My friend Sally Pace commissioned me to write about the history of Woodlake for the Kiwanis Magazine, maybe 300 words or less.  Woodlake, a sleepy town born in 1910 in the foothills of the big trees, became famous for cattle ranching, and oranges.   Its history is a collection of tales about hard-working farmers, farm workers and, of course, cowboys.  Most of the life in Woodlake takes place in the hills beyond the town, but there is a town that is home to about 7,000 people.  

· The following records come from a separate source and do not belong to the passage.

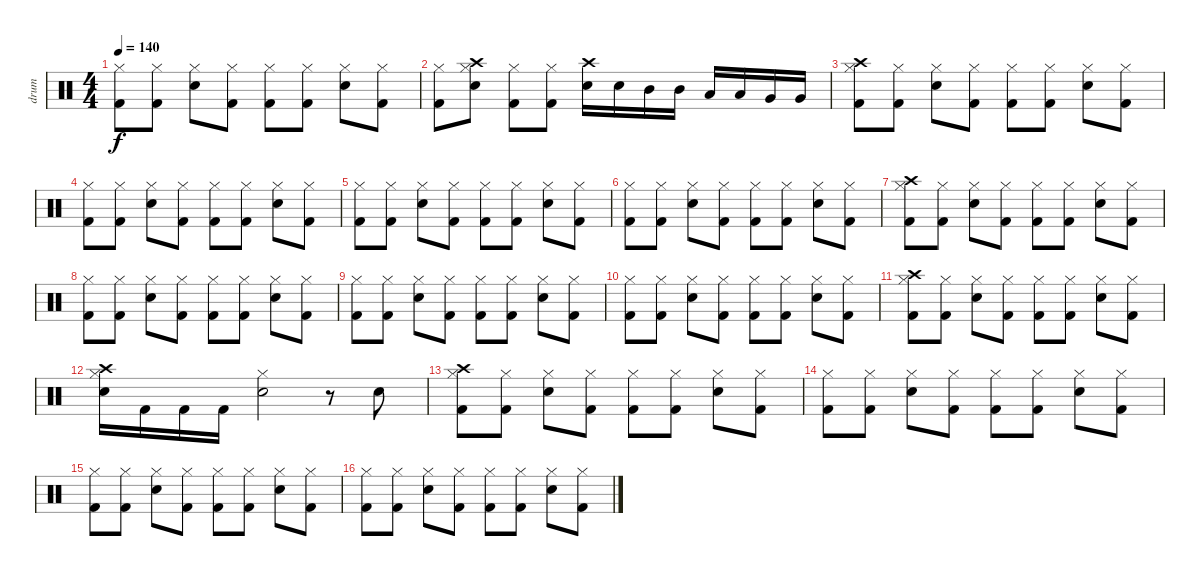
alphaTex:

\track ("drum" "drum") {instrument percussion}
\staff {score}
\articulation defaults
\ts (4 4)
\tempo 140
\clef neutral
\ks c
("Hi-Hat (closed)" "Kick (hit) 2").8{dy f} ("Hi-Hat (closed)" "Kick (hit) 2").8 ("Hi-Hat (closed)" "Electric Snare (hit)").8 ("Hi-Hat (closed)" "Kick (hit) 2").8 ("Hi-Hat (closed)" "Kick (hit) 2").8 ("Hi-Hat (closed)" "Kick (hit) 2").8 ("Hi-Hat (closed)" "Electric Snare (hit)").8 ("Hi-Hat (closed)" "Kick (hit) 2").8 |
("Hi-Hat (closed)" "Kick (hit) 2").8 ("Crash high (hit)" "Hi-Hat (closed)" "Electric Snare (hit)").8 ("Hi-Hat (closed)" "Kick (hit) 2").8 ("Hi-Hat (closed)" "Kick (hit) 2").8 ("Crash high (hit)" "Electric Snare (hit)").16 "Electric Snare (hit)".16 "Mid Tom (hit)".16 "Mid Tom (hit)".16 "Low Tom (hit)".16 "Low Tom (hit)".16 "Very Low Tom (hit)".16 "Very Low Tom (hit)".16 |
("Crash high (hit)" "Hi-Hat (closed)" "Kick (hit) 2").8 ("Hi-Hat (closed)" "Kick (hit) 2").8 ("Hi-Hat (closed)" "Electric Snare (hit)").8 ("Hi-Hat (closed)" "Kick (hit) 2").8 ("Hi-Hat (closed)" "Kick (hit) 2").8 ("Hi-Hat (closed)" "Kick (hit) 2").8 ("Hi-Hat (closed)" "Electric Snare (hit)").8 ("Hi-Hat (closed)" "Kick (hit) 2").8 |
("Hi-Hat (closed)" "Kick (hit) 2").8 ("Hi-Hat (closed)" "Kick (hit) 2").8 ("Hi-Hat (closed)" "Electric Snare (hit)").8 ("Hi-Hat (closed)" "Kick (hit) 2").8 ("Hi-Hat (closed)" "Kick (hit) 2").8 ("Hi-Hat (closed)" "Kick (hit) 2").8 ("Hi-Hat (closed)" "Electric Snare (hit)").8 ("Hi-Hat (closed)" "Kick (hit) 2").8 |
("Hi-Hat (closed)" "Kick (hit) 2").8 ("Hi-Hat (closed)" "Kick (hit) 2").8 ("Hi-Hat (closed)" "Electric Snare (hit)").8 ("Hi-Hat (closed)" "Kick (hit) 2").8 ("Hi-Hat (closed)" "Kick (hit) 2").8 ("Hi-Hat (closed)" "Kick (hit) 2").8 ("Hi-Hat (closed)" "Electric Snare (hit)").8 ("Hi-Hat (closed)" "Kick (hit) 2").8 |
("Hi-Hat (closed)" "Kick (hit) 2").8 ("Hi-Hat (closed)" "Kick (hit) 2").8 ("Hi-Hat (closed)" "Electric Snare (hit)").8 ("Hi-Hat (closed)" "Kick (hit) 2").8 ("Hi-Hat (closed)" "Kick (hit) 2").8 ("Hi-Hat (closed)" "Kick (hit) 2").8 ("Hi-Hat (closed)" "Electric Snare (hit)").8 ("Hi-Hat (closed)" "Kick (hit) 2").8 |
("Crash high (hit)" "Hi-Hat (closed)" "Kick (hit) 2").8 ("Hi-Hat (closed)" "Kick (hit) 2").8 ("Hi-Hat (closed)" "Electric Snare (hit)").8 ("Hi-Hat (closed)" "Kick (hit) 2").8 ("Hi-Hat (closed)" "Kick (hit) 2").8 ("Hi-Hat (closed)" "Kick (hit) 2").8 ("Hi-Hat (closed)" "Electric Snare (hit)").8 ("Hi-Hat (closed)" "Kick (hit) 2").8 |
("Hi-Hat (closed)" "Kick (hit) 2").8 ("Hi-Hat (closed)" "Kick (hit) 2").8 ("Hi-Hat (closed)" "Electric Snare (hit)").8 ("Hi-Hat (closed)" "Kick (hit) 2").8 ("Hi-Hat (closed)" "Kick (hit) 2").8 ("Hi-Hat (closed)" "Kick (hit) 2").8 ("Hi-Hat (closed)" "Electric Snare (hit)").8 ("Hi-Hat (closed)" "Kick (hit) 2").8 |
("Hi-Hat (closed)" "Kick (hit) 2").8 ("Hi-Hat (closed)" "Kick (hit) 2").8 ("Hi-Hat (closed)" "Electric Snare (hit)").8 ("Hi-Hat (closed)" "Kick (hit) 2").8 ("Hi-Hat (closed)" "Kick (hit) 2").8 ("Hi-Hat (closed)" "Kick (hit) 2").8 ("Hi-Hat (closed)" "Electric Snare (hit)").8 ("Hi-Hat (closed)" "Kick (hit) 2").8 |
("Hi-Hat (closed)" "Kick (hit) 2").8 ("Hi-Hat (closed)" "Kick (hit) 2").8 ("Hi-Hat (closed)" "Electric Snare (hit)").8 ("Hi-Hat (closed)" "Kick (hit) 2").8 ("Hi-Hat (closed)" "Kick (hit) 2").8 ("Hi-Hat (closed)" "Kick (hit) 2").8 ("Hi-Hat (closed)" "Electric Snare (hit)").8 ("Hi-Hat (closed)" "Kick (hit) 2").8 |
("Crash high (hit)" "Hi-Hat (closed)" "Kick (hit) 2").8 ("Hi-Hat (closed)" "Kick (hit) 2").8 ("Hi-Hat (closed)" "Electric Snare (hit)").8 ("Hi-Hat (closed)" "Kick (hit) 2").8 ("Hi-Hat (closed)" "Kick (hit) 2").8 ("Hi-Hat (closed)" "Kick (hit) 2").8 ("Hi-Hat (closed)" "Electric Snare (hit)").8 ("Hi-Hat (closed)" "Kick (hit) 2").8 |
("Crash high (hit)" "Hi-Hat (closed)" "Electric Snare (hit)").16 "Kick (hit) 2".16 "Kick (hit) 2".16 "Kick (hit) 2".16 ("Hi-Hat (closed)" "Electric Snare (hit)").2 r.8 "Electric Snare (hit)".8 |
("Crash high (hit)" "Hi-Hat (closed)" "Kick (hit) 2").8 ("Hi-Hat (closed)" "Kick (hit) 2").8 ("Hi-Hat (closed)" "Electric Snare (hit)").8 ("Hi-Hat (closed)" "Kick (hit) 2").8 ("Hi-Hat (closed)" "Kick (hit) 2").8 ("Hi-Hat (closed)" "Kick (hit) 2").8 ("Hi-Hat (closed)" "Electric Snare (hit)").8 ("Hi-Hat (closed)" "Kick (hit) 2").8 |
("Hi-Hat (closed)" "Kick (hit) 2").8 ("Hi-Hat (closed)" "Kick (hit) 2").8 ("Hi-Hat (closed)" "Electric Snare (hit)").8 ("Hi-Hat (closed)" "Kick (hit) 2").8 ("Hi-Hat (closed)" "Kick (hit) 2").8 ("Hi-Hat (closed)" "Kick (hit) 2").8 ("Hi-Hat (closed)" "Electric Snare (hit)").8 ("Hi-Hat (closed)" "Kick (hit) 2").8 |
("Hi-Hat (closed)" "Kick (hit) 2").8 ("Hi-Hat (closed)" "Kick (hit) 2").8 ("Hi-Hat (closed)" "Electric Snare (hit)").8 ("Hi-Hat (closed)" "Kick (hit) 2").8 ("Hi-Hat (closed)" "Kick (hit) 2").8 ("Hi-Hat (closed)" "Kick (hit) 2").8 ("Hi-Hat (closed)" "Electric Snare (hit)").8 ("Hi-Hat (closed)" "Kick (hit) 2").8 |
("Hi-Hat (closed)" "Kick (hit) 2").8 ("Hi-Hat (closed)" "Kick (hit) 2").8 ("Hi-Hat (closed)" "Electric Snare (hit)").8 ("Hi-Hat (closed)" "Kick (hit) 2").8 ("Hi-Hat (closed)" "Kick (hit) 2").8 ("Hi-Hat (closed)" "Kick (hit) 2").8 ("Hi-Hat (closed)" "Electric Snare (hit)").8 ("Hi-Hat (closed)" "Kick (hit) 2").8
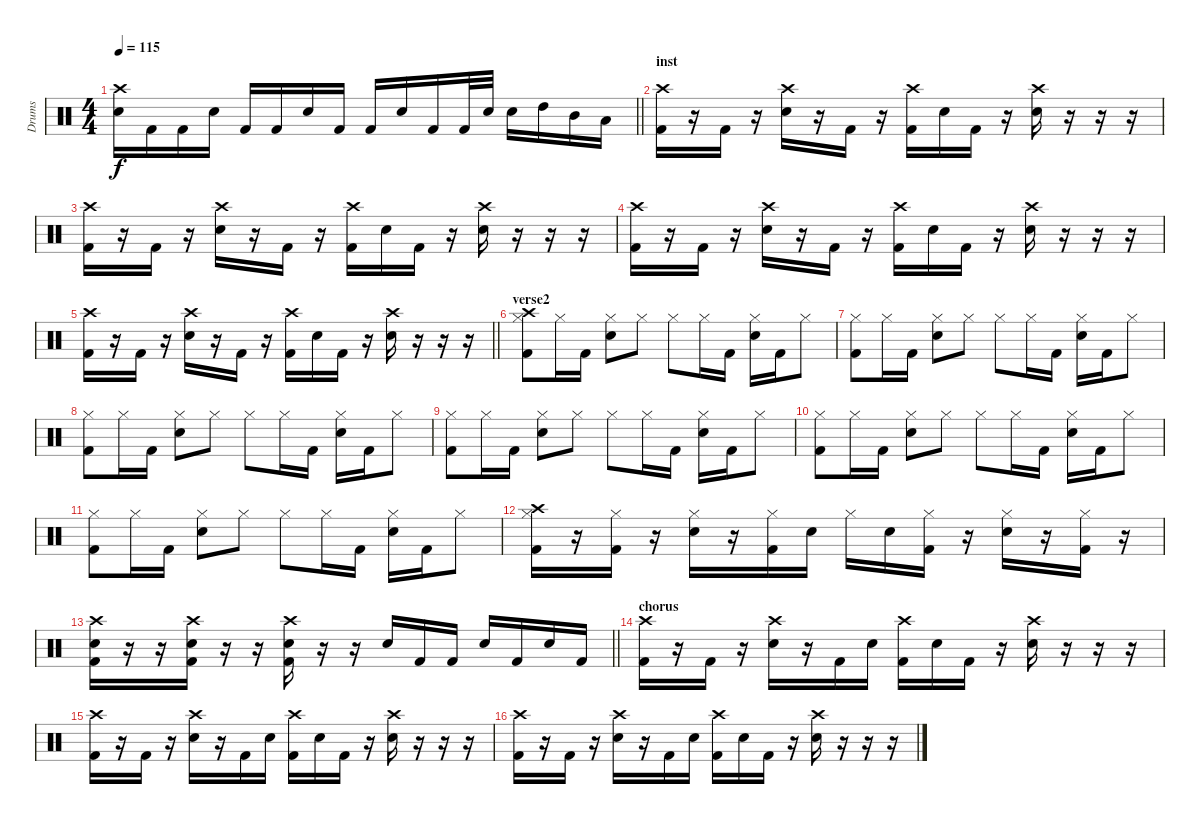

Writing history is so much more difficult than I had ever imagined that it would be.  I’ve never been great at making snap decisions, and that is the one thing that writers do constantly, word to word, story after story.  One story sounds good, but must not be told to save room for the story that the writer thinks is great.  The good story that was left out may have changed history, but history is forgotten, except what is written, so that piece of history remains a mystery. 

The other issue about history is that as soon as you write it you worry about offending someone.  I am so frozen in fear that I might tell the wrong story, the wrong way, that it’s hard to tell any story at all.  I never understood this dilemma of writers, which is why history books are so bland, until I started writing this.  The real story, someone else’s story, has tons of nerve endings attached to it that I may or may not touch.  People reading history also have opinions.  Even I have opinions, and they seep out ever so quietly into my words.

Cow PokingIn this case, the story revolves around a town built around ranching.  Ranching means eventually killing cattle to eat.  Former neighbors of mine are vegan, meaning they eat no meat products, even milk or eggs.  Animal rights activists might object to marking cattle, and other groups might have other grounds for opposition, but cattle ranchers are proud of their work, and their parents, grandparents, and great-grandparents.  If I were writing a documentary, I would tell all sides of the story, but in this post, I’ve got only the rancher’s side.

Straddling a calf getting stuck with a hot branding iron is not my idea of a safe job!

Straddling a calf getting stuck with a hot branding iron is not my idea of a safe job!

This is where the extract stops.